I appreciate Eric saying this after some of us sort of jumped on him about this issue last night! Paxlovid is a good example of where small-molecule synthesis falls on on the difficulty scale when compared to things like mRNA vaccines - here's a thread (1/13)
The mRNA vaccines are intrinsically hard to manufacture - RNA biotechnology on scale is practiced in only a few countries around the world, and the nanoparticle formulation is particularly challenging to scale up and to get right. (2/13)
Small-molecule synthesis (though no picnic) is easier than that - there are generic drug manufacturing facilities in many more countries, and many of these can potentially adapt to processes like the Paxlovid synthesis. That's the good part. (3/13)
But the tricky part becomes the supply of the various starting materials and reagents. We even saw that in the small molecule part of the RNA vaccine scale-up, when the cationic lipids became a production bottleneck for a while. (4/13)
A big difference is that proteins, DNA, and RNA will sort of make themselves, if you can do the cell culture and molecular biology involved (which is a big "if" on the industrial scale). We're co-opting a billion years of evolution for our own purposes there. (5/13)
Small molecules, though, come in far, far more varieties than the repetitive building blocks of proteins and oligonucleotides.
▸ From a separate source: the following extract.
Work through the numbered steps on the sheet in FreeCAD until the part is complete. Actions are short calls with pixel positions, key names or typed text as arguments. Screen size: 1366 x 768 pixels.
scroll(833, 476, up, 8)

The number of potential structures is effectively unlimited, and the number of potential industrial starting materials is likewise huge. (6/13)
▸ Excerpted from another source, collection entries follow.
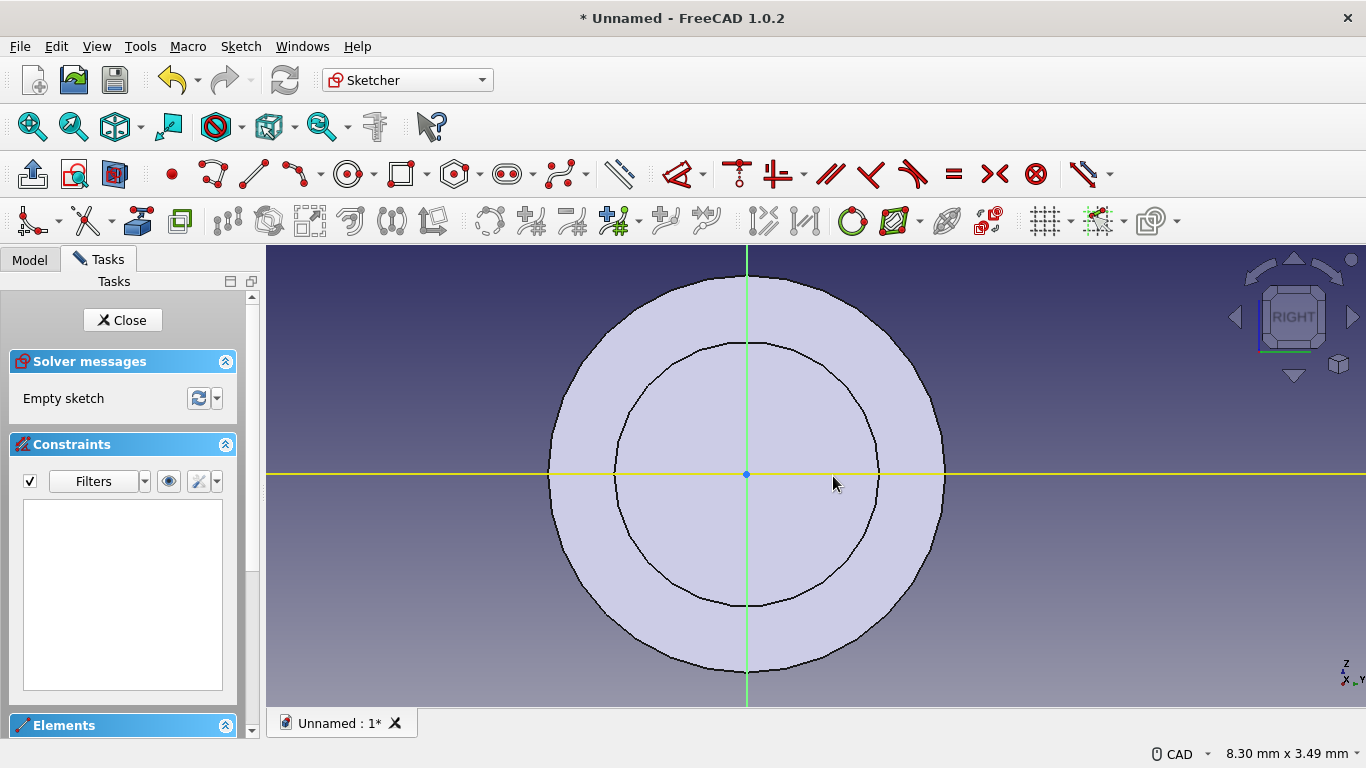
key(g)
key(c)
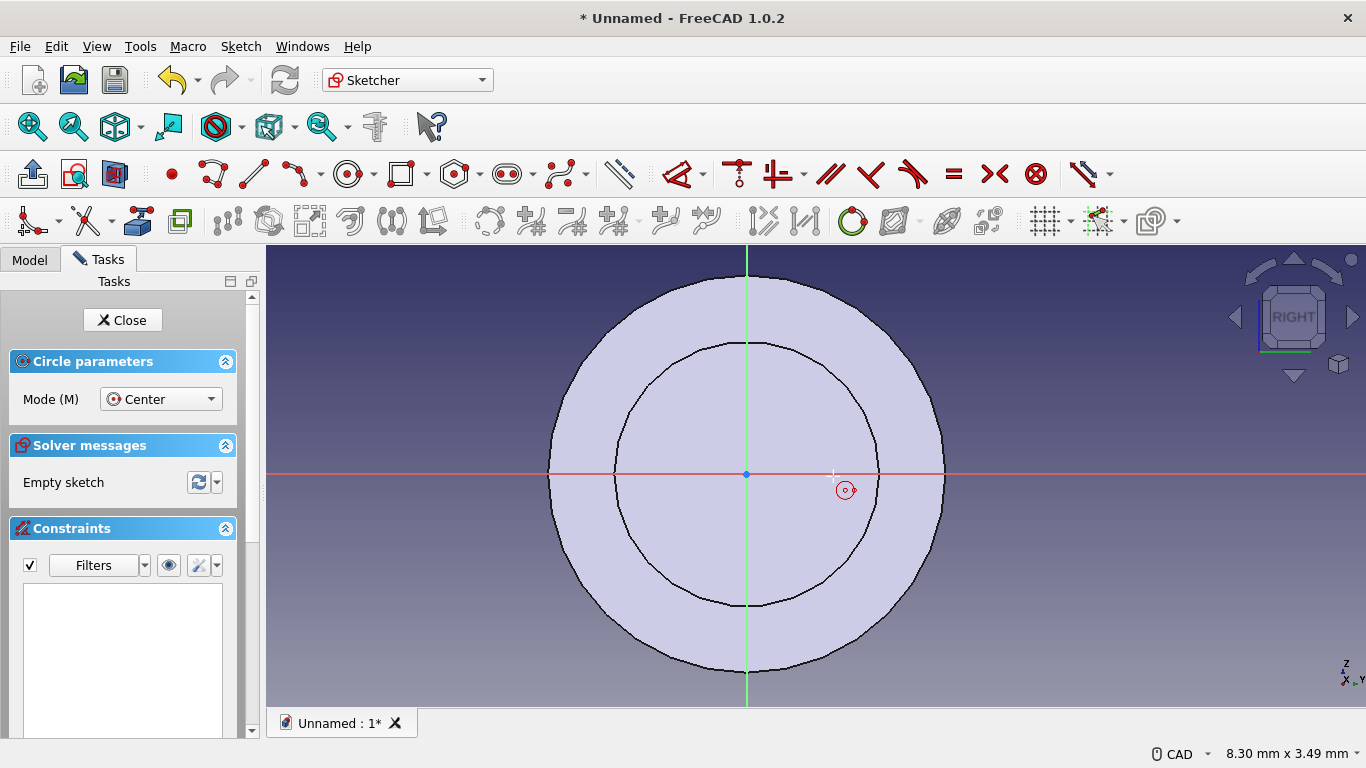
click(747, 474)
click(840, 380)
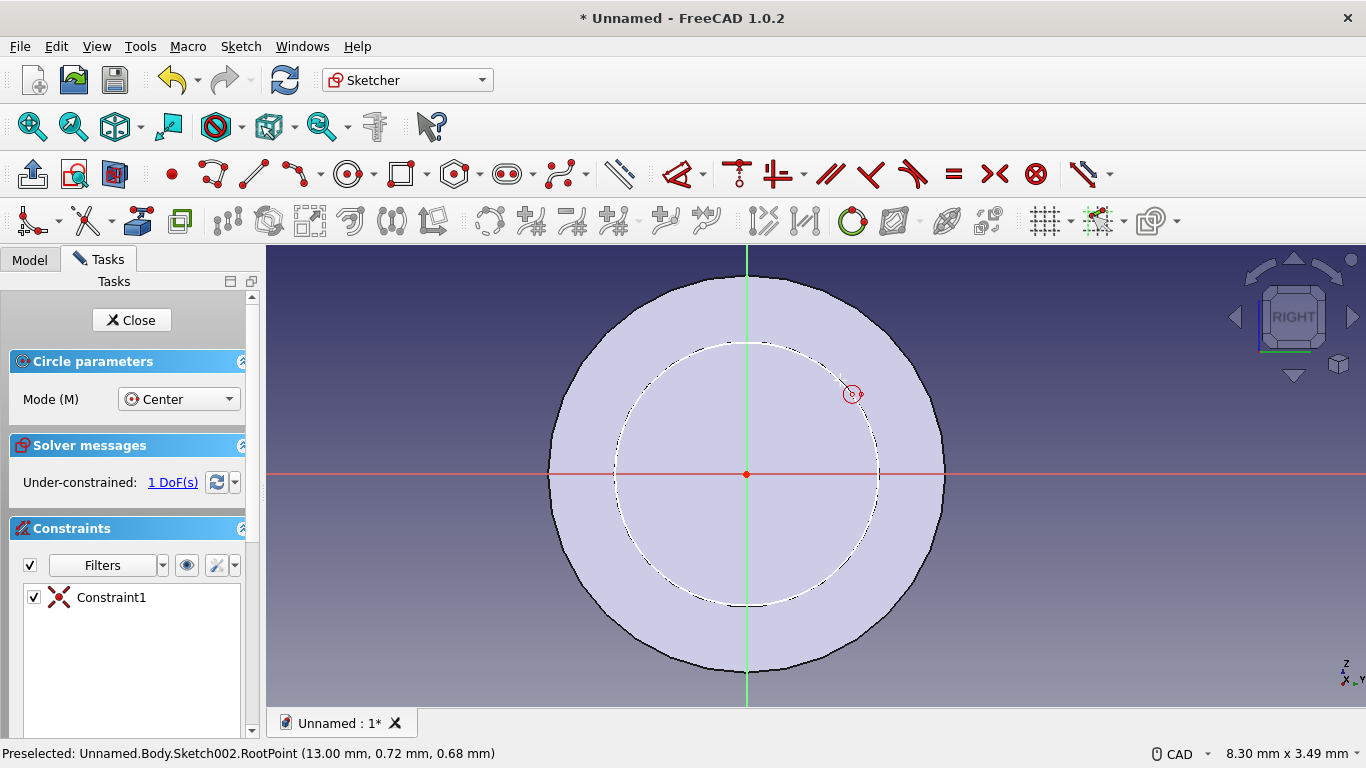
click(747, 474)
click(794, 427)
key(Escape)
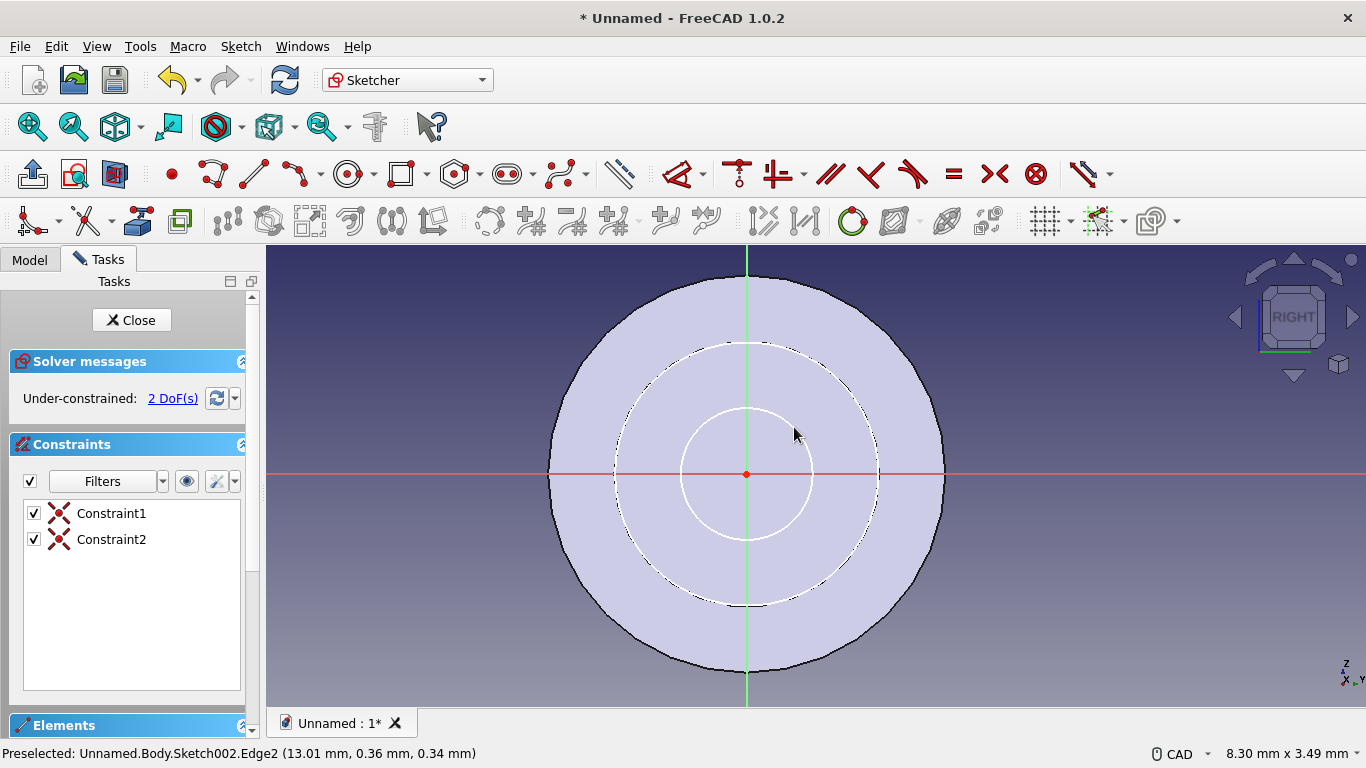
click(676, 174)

We organic chemists have learned a lot of tricks about how to make small-molecule drugs, and the process chemists and chemical engineers have a whole specialized expertise in doing synthesis on a huge scale. Most of the time, we can come up with robust, workable routes. (7/13)
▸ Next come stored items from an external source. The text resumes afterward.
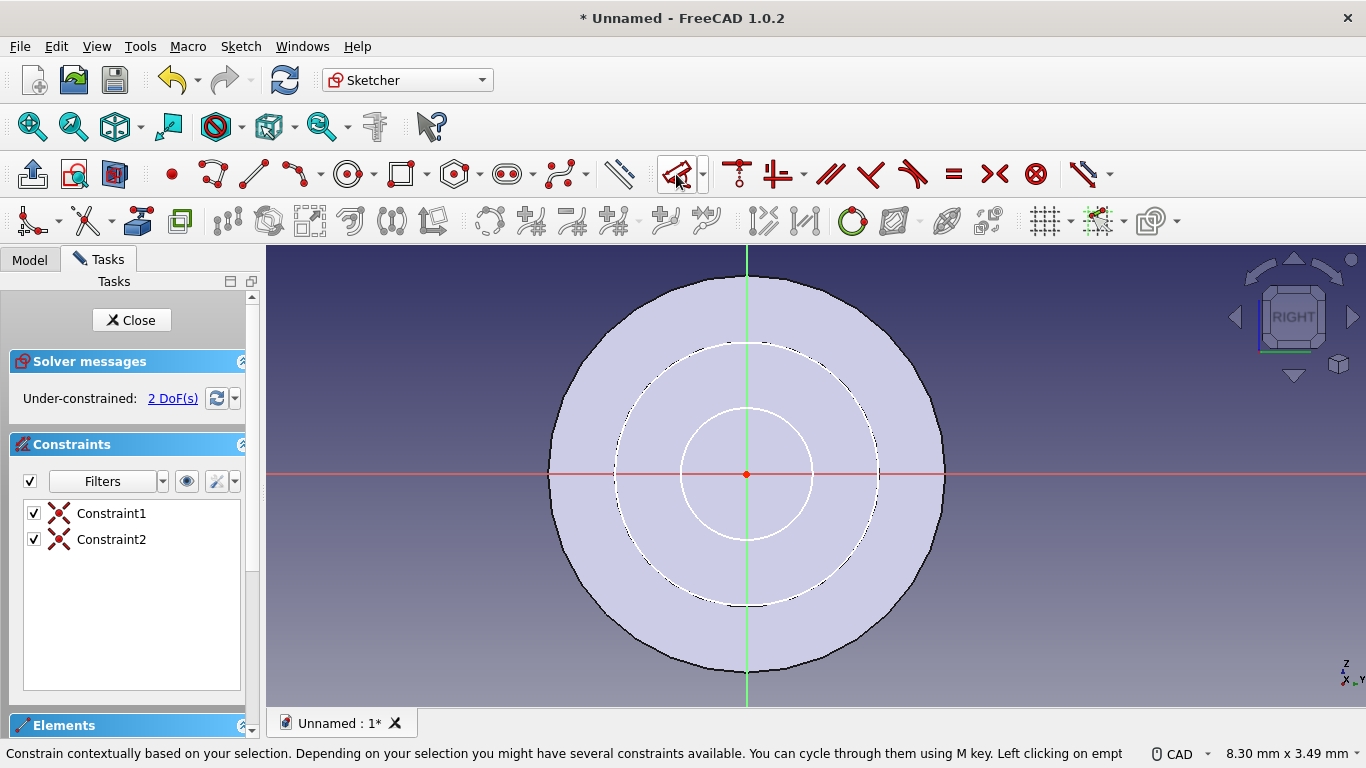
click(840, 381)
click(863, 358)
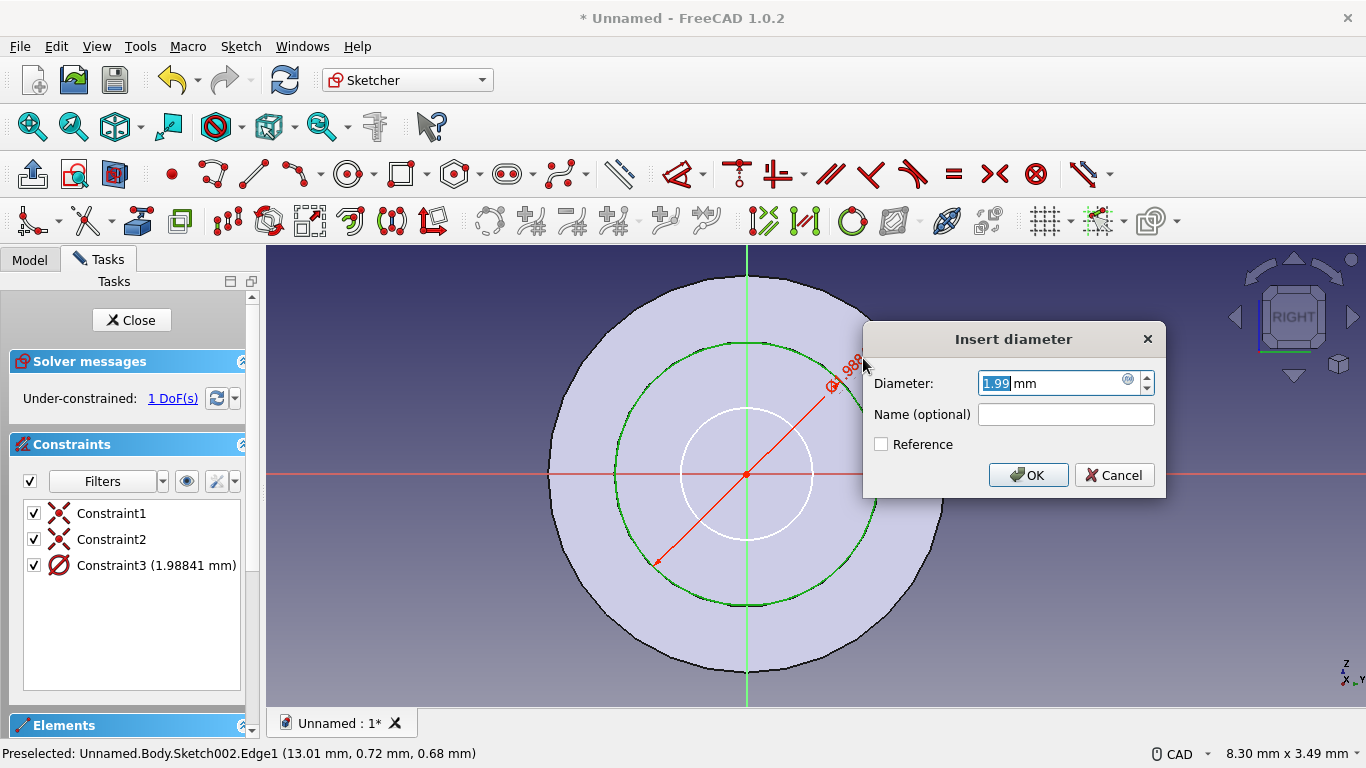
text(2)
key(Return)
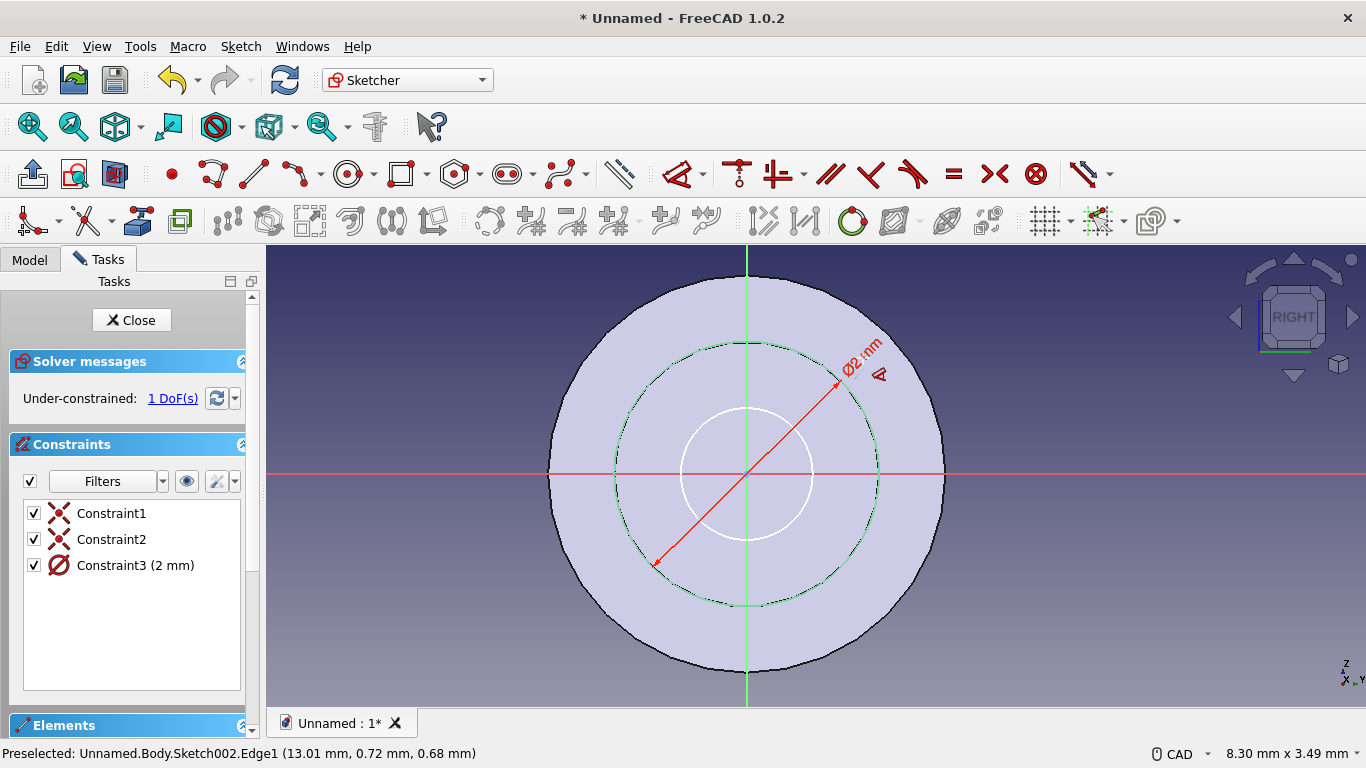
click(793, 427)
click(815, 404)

But you have to source the starting materials if you're going to do that - and the *huge* majority of such building blocks and reagents come from industrial producers in places like China and India. Very few of those things are made in the US. (8/13)
So invoking the Defense Production Act (for example) is of limited use. The chemical plants you'd want to commandeer just aren't there. A big part of industrial drug production is lining up complex supply chains and contract manufacturing around the world. (9/13)
A given drug might travel through two, three, four countries on its way to be packaged into pills, with different synthesis and manufacturing steps done in the places with the facilities and the expertise. Finding these partners is close to an art form. (10/13)
Now for Paxlovid, you can bet that Pfizer has been putting these blocks together for the last few months. They have a lot of experience doing this, but this means that the obvious suppliers of starting materials have already been lined up. (11/13)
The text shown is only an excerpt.